■ Peru
Coca growers march
Thousands of Peruvian coca growers marched to Congress on Monday at the culmination of a march to demand more aid and less eradication for their crop, the raw material for cocaine. "We're here to talk," coca leader Nancy Obregon told reporters after the banner-waving marchers arrived in central Lima. "They told us that if we wanted to talk, we'd have to come here, so we peasants have no option but to ask for an audience through our sacrifice," she added. The growers left Peru's central jungle region on April 20. An estimated 3,000 to 5,000 growers, guarded by some 300 police, presented a list of demands to Congress.
■ Georgia
Rebel region gives warning
Georgia's stand-off with its renegade region of Adjara may escalate into full-blown violence, Adjara's chief Aslan Abashidze warned overnight. "Unless Georgian President [Mikhail Saakashvili] heeds recommendations on avoiding bloodshed voiced by the European Union, the United States and our neighbor Russia, another conflict zone will appear on the world map," Abashidze said in comments broadcast live on local television. Abashidze also defended his order to his security forces to destroy bridges and roads leading into the region.
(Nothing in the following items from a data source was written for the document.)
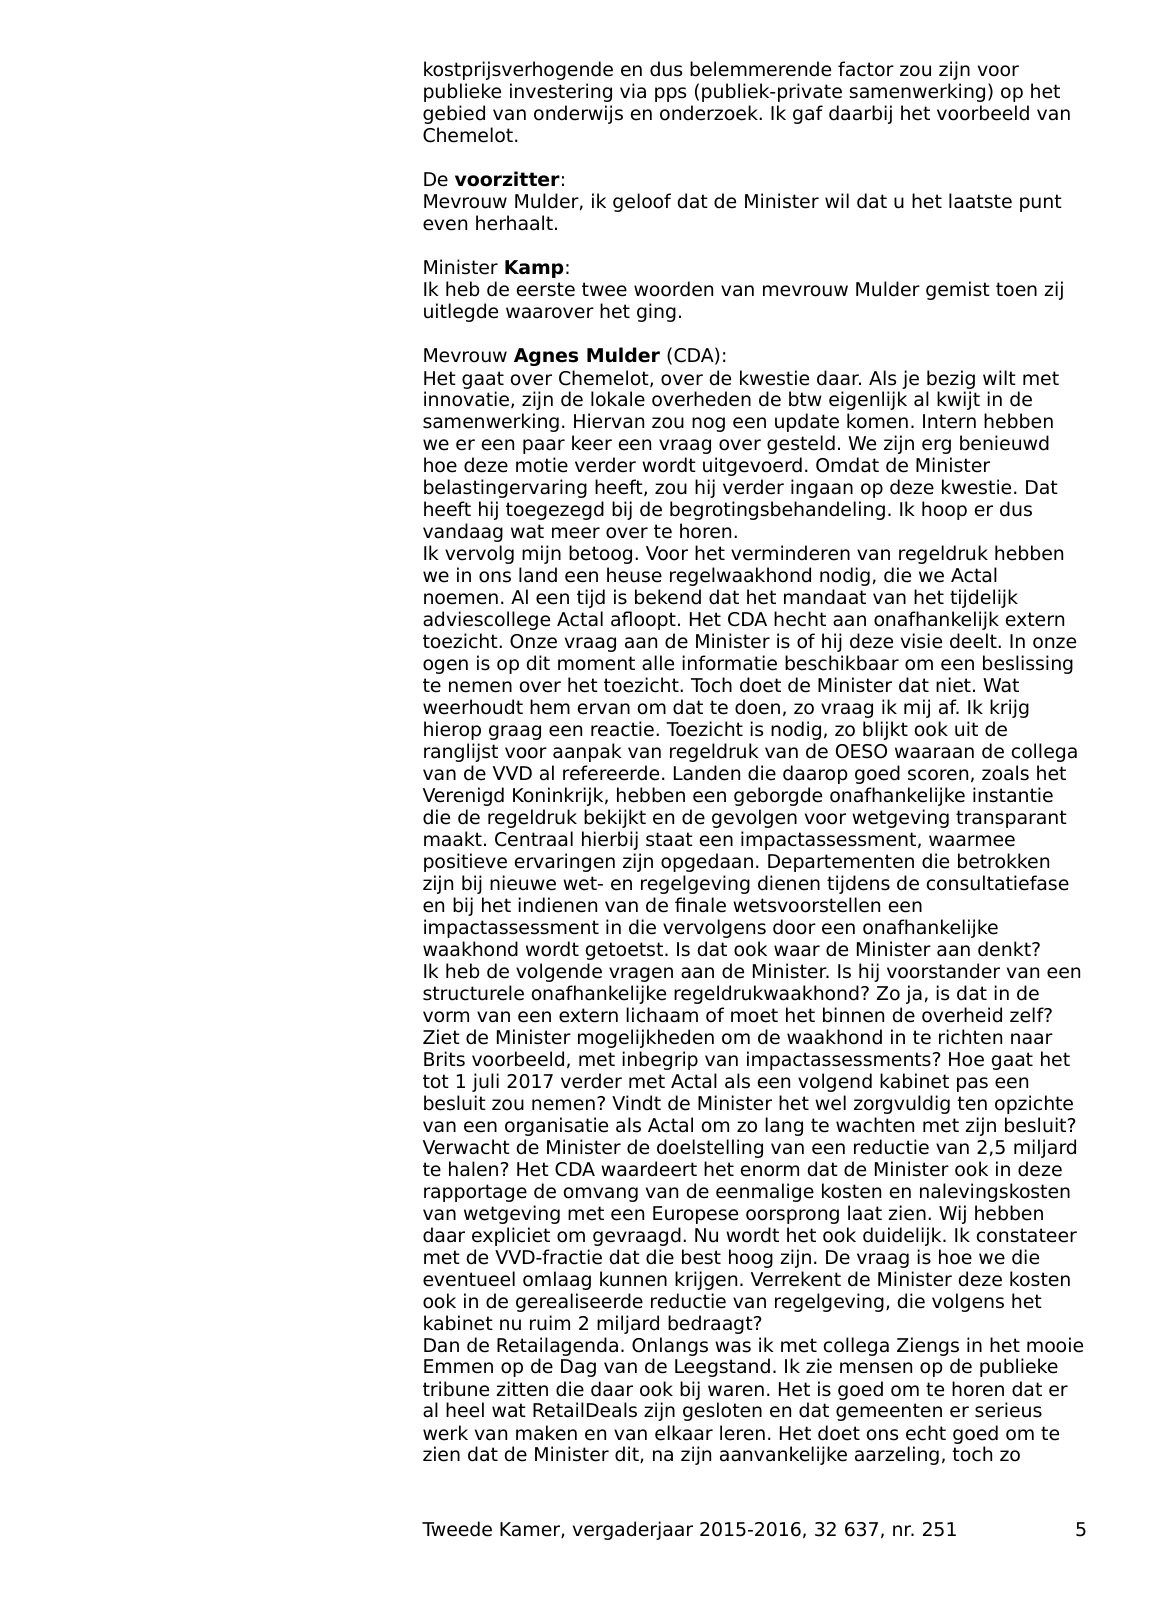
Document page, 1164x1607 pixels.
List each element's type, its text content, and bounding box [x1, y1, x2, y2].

text Minister Kamp: [422, 257, 1087, 279]
text Mevrouw Mulder, ik geloof dat de Minister wil dat u het laatste punt even herhaalt. [422, 191, 1087, 235]
text Het gaat over Chemelot, over de kwestie daar. Als je bezig wilt met innovatie, zijn de lokale overheden de btw eigenlijk al kwijt in de samenwerking. Hiervan zou nog een update komen. Intern hebben we er een paar keer een vraag over gesteld. We zijn erg benieuwd hoe deze motie verder wordt uitgevoerd. Omdat de Minister belastingervaring heeft, zou hij verder ingaan op deze kwestie. Dat heeft hij toegezegd bij de begrotingsbehandeling. Ik hoop er dus vandaag wat meer over te horen. [422, 367, 1087, 543]
text Ik vervolg mijn betoog. Voor het verminderen van regeldruk hebben we in ons land een heuse regelwaakhond nodig, die we Actal noemen. Al een tijd is bekend dat het mandaat van het tijdelijk adviescollege Actal afloopt. Het CDA hecht aan onafhankelijk extern toezicht. Onze vraag aan de Minister is of hij deze visie deelt. In onze ogen is op dit moment alle informatie beschikbaar om een beslissing te nemen over het toezicht. Toch doet de Minister dat niet. Wat weerhoudt hem ervan om dat te doen, zo vraag ik mij af. Ik krijg hierop graag een reactie. Toezicht is nodig, zo blijkt ook uit de ranglijst voor aanpak van regeldruk van de OESO waaraan de collega van de VVD al refereerde. Landen die daarop goed scoren, zoals het Verenigd Koninkrijk, hebben een geborgde onafhankelijke instantie die de regeldruk bekijkt en de gevolgen voor wetgeving transparant maakt. Centraal hierbij staat een impactassessment, waarmee positieve ervaringen zijn opgedaan. Departementen die betrokken zijn bij nieuwe wet- en regelgeving dienen tijdens de consultatiefase en bij het indienen van de finale wetsvoorstellen een impactassessment in die vervolgens door een onafhankelijke waakhond wordt getoetst. Is dat ook waar de Minister aan denkt? [422, 543, 1087, 961]
text Dan de Retailagenda. Onlangs was ik met collega Ziengs in het mooie Emmen op de Dag van de Leegstand. Ik zie mensen op de publieke tribune zitten die daar ook bij waren. Het is goed om te horen dat er al heel wat RetailDeals zijn gesloten en dat gemeenten er serieus werk van maken en van elkaar leren. Het doet ons echt goed om te zien dat de Minister dit, na zijn aanvankelijke aarzeling, toch zo [422, 1334, 1087, 1466]
text Mevrouw Agnes Mulder (CDA): [422, 345, 1087, 367]
text Ik heb de volgende vragen aan de Minister. Is hij voorstander van een structurele onafhankelijke regeldrukwaakhond? Zo ja, is dat in de vorm van een extern lichaam of moet het binnen de overheid zelf? Ziet de Minister mogelijkheden om de waakhond in te richten naar Brits voorbeeld, met inbegrip van impactassessments? Hoe gaat het tot 1 juli 2017 verder met Actal als een volgend kabinet pas een besluit zou nemen? Vindt de Minister het wel zorgvuldig ten opzichte van een organisatie als Actal om zo lang te wachten met zijn besluit? Verwacht de Minister de doelstelling van een reductie van 2,5 miljard te halen? Het CDA waardeert het enorm dat de Minister ook in deze rapportage de omvang van de eenmalige kosten en nalevingskosten van wetgeving met een Europese oorsprong laat zien. Wij hebben daar expliciet om gevraagd. Nu wordt het ook duidelijk. Ik constateer met de VVD-fractie dat die best hoog zijn. De vraag is hoe we die eventueel omlaag kunnen krijgen. Verrekent de Minister deze kosten ook in de gerealiseerde reductie van regelgeving, die volgens het kabinet nu ruim 2 miljard bedraagt? [422, 961, 1087, 1334]
text kostprijsverhogende en dus belemmerende factor zou zijn voor publieke investering via pps (publiek-private samenwerking) op het gebied van onderwijs en onderzoek. Ik gaf daarbij het voorbeeld van Chemelot. [422, 59, 1087, 147]
text Ik heb de eerste twee woorden van mevrouw Mulder gemist toen zij uitlegde waarover het ging. [422, 279, 1087, 323]
text De voorzitter: [422, 169, 1087, 191]
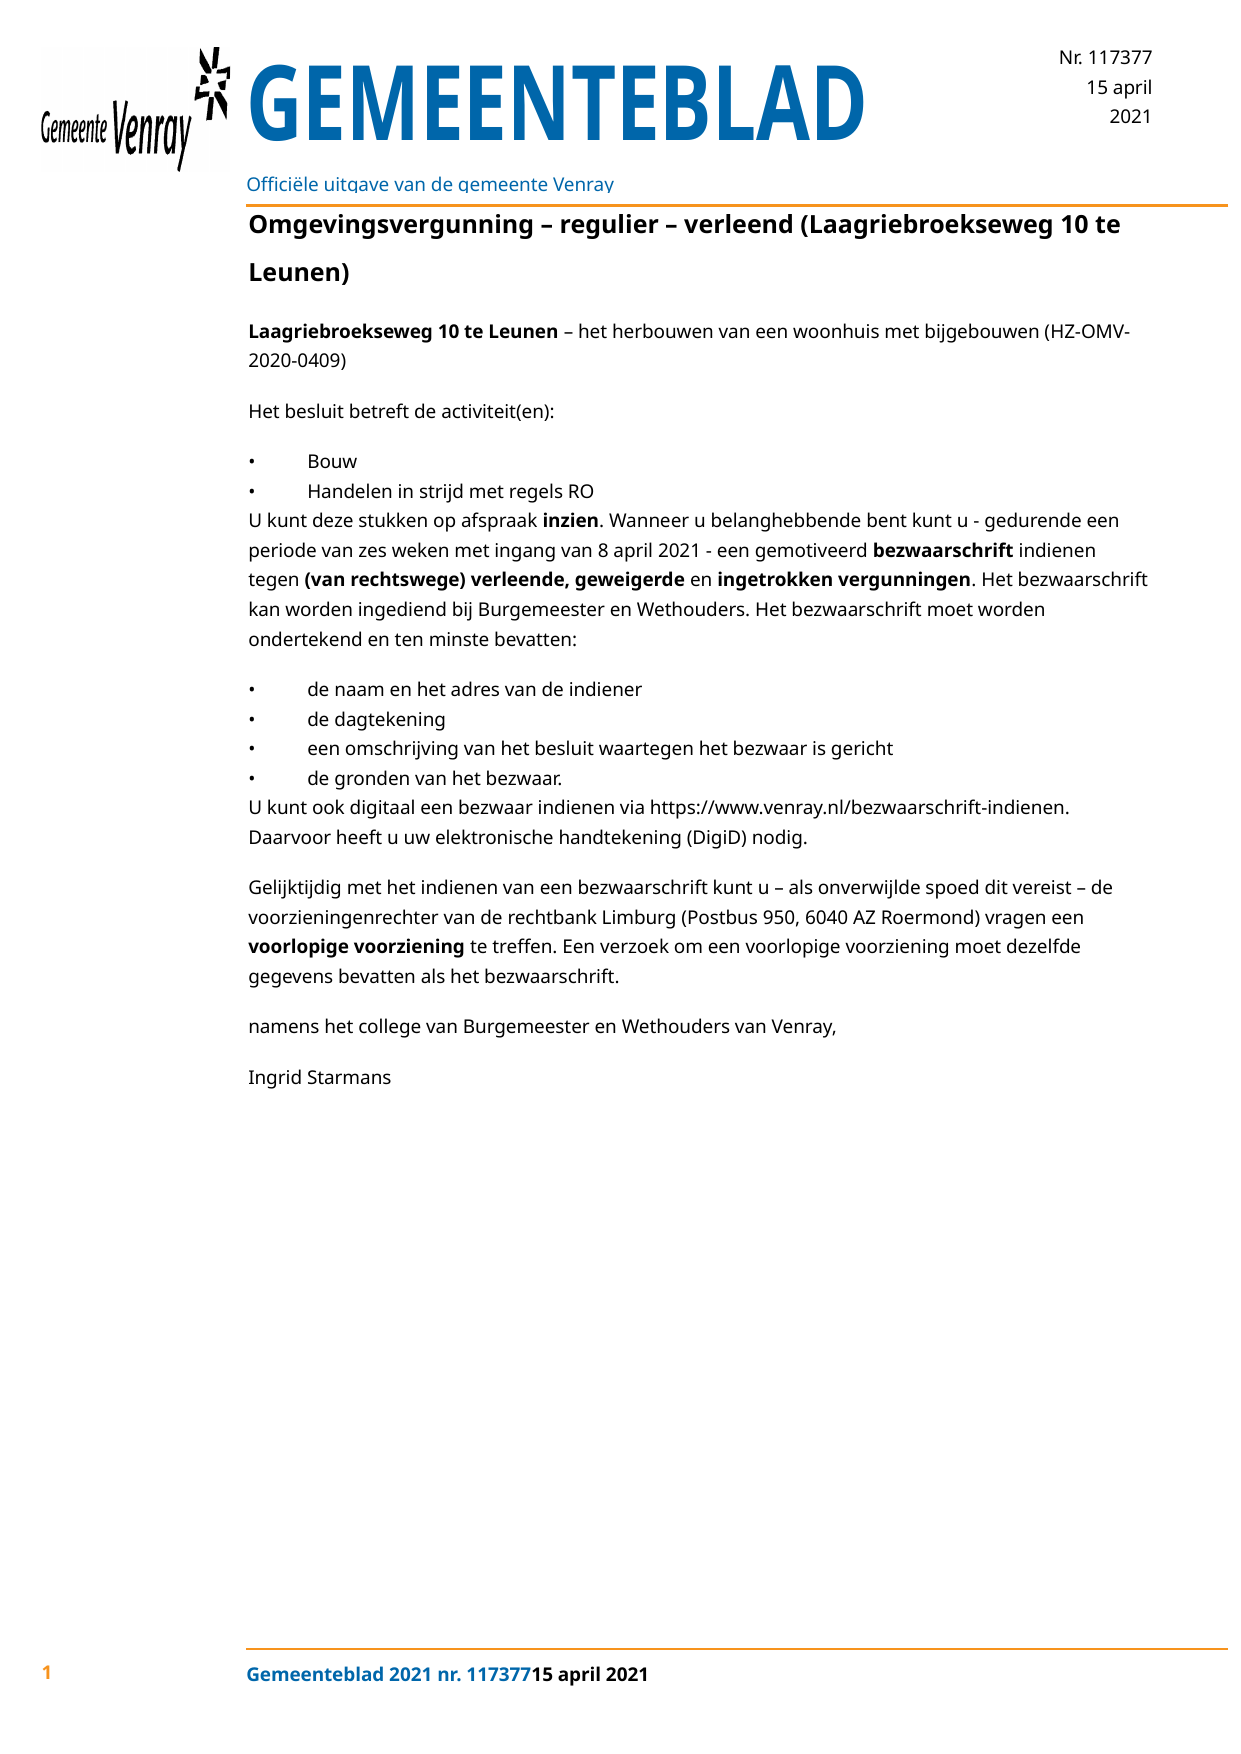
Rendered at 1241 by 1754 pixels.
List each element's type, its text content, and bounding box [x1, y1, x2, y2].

list een omschrijving van het besluit waartegen het bezwaar is gericht [248, 735, 1152, 761]
picture [41, 47, 231, 172]
text Omgevingsvergunning – regulier – verleend (Laagriebroekseweg 10 te Leunen) [248, 207, 1152, 288]
text Het besluit betreft de activiteit(en): [248, 398, 1152, 424]
text Ingrid Starmans [248, 1064, 1152, 1090]
text Laagriebroekseweg 10 te Leunen – het herbouwen van een woonhuis met bijgebouwen (HZ-OMV-2020-0409) [248, 318, 1152, 373]
list Handelen in strijd met regels RO [248, 478, 1152, 504]
text namens het college van Burgemeester en Wethouders van Venray, [248, 1014, 1152, 1039]
list de dagtekening [248, 706, 1152, 732]
list de naam en het adres van de indiener [248, 676, 1152, 702]
text U kunt ook digitaal een bezwaar indienen via https://www.venray.nl/bezwaarschrift-indienen. Daarvoor heeft u uw elektronische handtekening (DigiD) nodig. [248, 794, 1152, 850]
text Gelijktijdig met het indienen van een bezwaarschrift kunt u – als onverwijlde spoed dit vereist – de voorzieningenrechter van de rechtbank Limburg (Postbus 950, 6040 AZ Roermond) vragen een voorlopige voorziening te treffen. Een verzoek om een voorlopige voorziening moet dezelfde gegevens bevatten als het bezwaarschrift. [248, 874, 1152, 989]
list Bouw [248, 448, 1152, 474]
list de gronden van het bezwaar. [248, 765, 1152, 791]
text U kunt deze stukken op afspraak inzien. Wanneer u belanghebbende bent kunt u - gedurende een periode van zes weken met ingang van 8 april 2021 - een gemotiveerd bezwaarschrift indienen tegen (van rechtswege) verleende, geweigerde en ingetrokken vergunningen. Het bezwaarschrift kan worden ingediend bij Burgemeester en Wethouders. Het bezwaarschrift moet worden ondertekend en ten minste bevatten: [248, 507, 1152, 652]
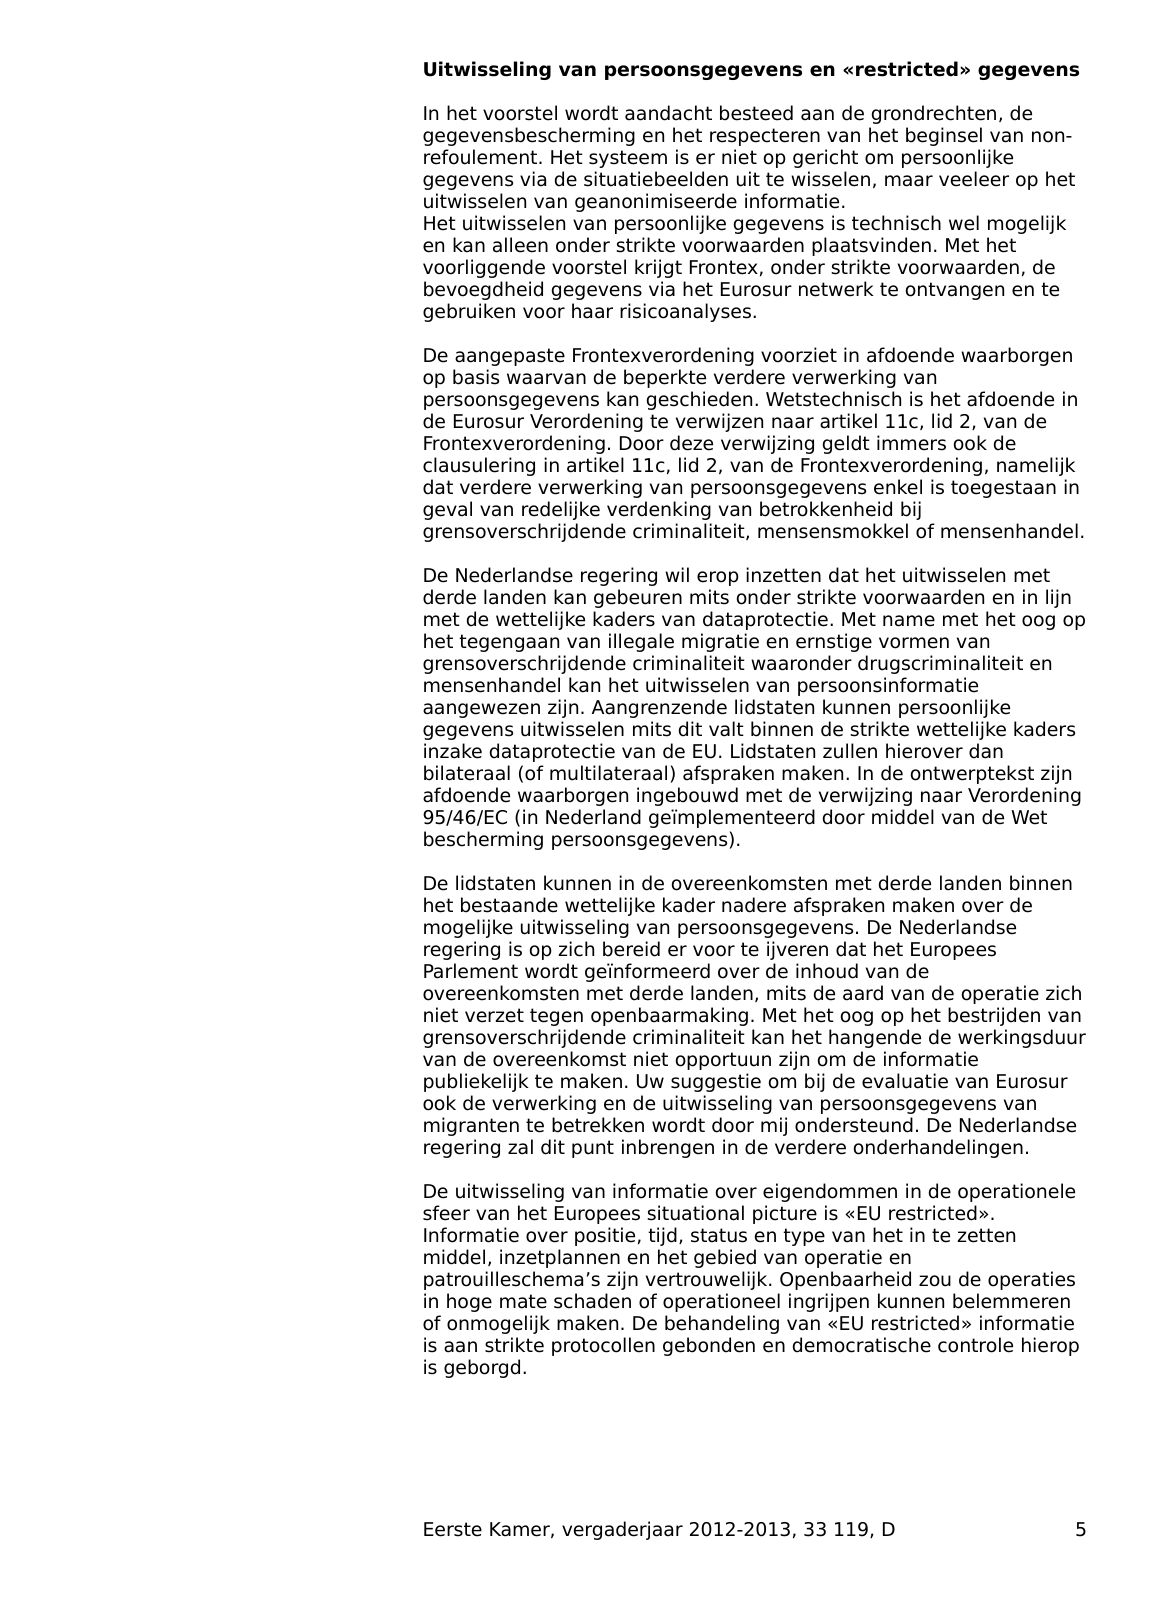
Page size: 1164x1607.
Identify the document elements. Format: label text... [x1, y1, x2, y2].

subtitle Uitwisseling van persoonsgegevens en «restricted» gegevens [422, 59, 1087, 81]
text De aangepaste Frontexverordening voorziet in afdoende waarborgen op basis waarvan de beperkte verdere verwerking van persoonsgegevens kan geschieden. Wetstechnisch is het afdoende in de Eurosur Verordening te verwijzen naar artikel 11c, lid 2, van de Frontexverordening. Door deze verwijzing geldt immers ook de clausulering in artikel 11c, lid 2, van de Frontexverordening, namelijk dat verdere verwerking van persoonsgegevens enkel is toegestaan in geval van redelijke verdenking van betrokkenheid bij grensoverschrijdende criminaliteit, mensensmokkel of mensenhandel. [422, 345, 1087, 543]
text De Nederlandse regering wil erop inzetten dat het uitwisselen met derde landen kan gebeuren mits onder strikte voorwaarden en in lijn met de wettelijke kaders van dataprotectie. Met name met het oog op het tegengaan van illegale migratie en ernstige vormen van grensoverschrijdende criminaliteit waaronder drugscriminaliteit en mensenhandel kan het uitwisselen van persoonsinformatie aangewezen zijn. Aangrenzende lidstaten kunnen persoonlijke gegevens uitwisselen mits dit valt binnen de strikte wettelijke kaders inzake dataprotectie van de EU. Lidstaten zullen hierover dan bilateraal (of multilateraal) afspraken maken. In de ontwerptekst zijn afdoende waarborgen ingebouwd met de verwijzing naar Verordening 95/46/EC (in Nederland geïmplementeerd door middel van de Wet bescherming persoonsgegevens). [422, 565, 1087, 851]
text In het voorstel wordt aandacht besteed aan de grondrechten, de gegevensbescherming en het respecteren van het beginsel van non-refoulement. Het systeem is er niet op gericht om persoonlijke gegevens via de situatiebeelden uit te wisselen, maar veeleer op het uitwisselen van geanonimiseerde informatie. [422, 103, 1087, 213]
text De uitwisseling van informatie over eigendommen in de operationele sfeer van het Europees situational picture is «EU restricted». Informatie over positie, tijd, status en type van het in te zetten middel, inzetplannen en het gebied van operatie en patrouilleschema’s zijn vertrouwelijk. Openbaarheid zou de operaties in hoge mate schaden of operationeel ingrijpen kunnen belemmeren of onmogelijk maken. De behandeling van «EU restricted» informatie is aan strikte protocollen gebonden en democratische controle hierop is geborgd. [422, 1181, 1087, 1379]
text Het uitwisselen van persoonlijke gegevens is technisch wel mogelijk en kan alleen onder strikte voorwaarden plaatsvinden. Met het voorliggende voorstel krijgt Frontex, onder strikte voorwaarden, de bevoegdheid gegevens via het Eurosur netwerk te ontvangen en te gebruiken voor haar risicoanalyses. [422, 213, 1087, 323]
text De lidstaten kunnen in de overeenkomsten met derde landen binnen het bestaande wettelijke kader nadere afspraken maken over de mogelijke uitwisseling van persoonsgegevens. De Nederlandse regering is op zich bereid er voor te ijveren dat het Europees Parlement wordt geïnformeerd over de inhoud van de overeenkomsten met derde landen, mits de aard van de operatie zich niet verzet tegen openbaarmaking. Met het oog op het bestrijden van grensoverschrijdende criminaliteit kan het hangende de werkingsduur van de overeenkomst niet opportuun zijn om de informatie publiekelijk te maken. Uw suggestie om bij de evaluatie van Eurosur ook de verwerking en de uitwisseling van persoonsgegevens van migranten te betrekken wordt door mij ondersteund. De Nederlandse regering zal dit punt inbrengen in de verdere onderhandelingen. [422, 873, 1087, 1159]

Abashidze's troops also dismantled the rail link and used excavators to make minor roads impassable.
■ Kuwait
Al-Qaeda fingered in attack
Saudi Interior Minister Prince Nayef bin Abdul-Aziz said yesterday he believed al-Qaeda was behind Saturday's deadly attack in the Saudi oil city Yanbu. Asked by reporters at Kuwait airport if he thought Osama bin Laden's militant network was behind the shooting spree that killed five Westerners, Nayef said: "Yes. But we need time to be sure of this matter." There was no claim of responsibility for Saturday's shootings, which killed two Americans, two Britons and an Australian.
■ United States
Anti-Muslim prejudice rises
Discrimination against Muslims in the US soared last year by 69 percent over the previous year, a US Muslim organization reported on Monday. The Council on American-Islamic Relations logged 1,019 complaints from Muslims last year, compared to 602 in 2002. Most complaints related to employment discrimination and refusals to accommodate Muslims who wanted to practice their religion, which requires five daily prayers. Incidents of physical violence against Muslims doubled to 93 last year from 42 in 2002, according to the council's report. It attributed the rise in discrimination to "a lingering atmosphere of fear" since the Sept. 11, 2001, attacks, tensions over the war in Iraq and anti-Muslim rhetoric in conservative radio shows.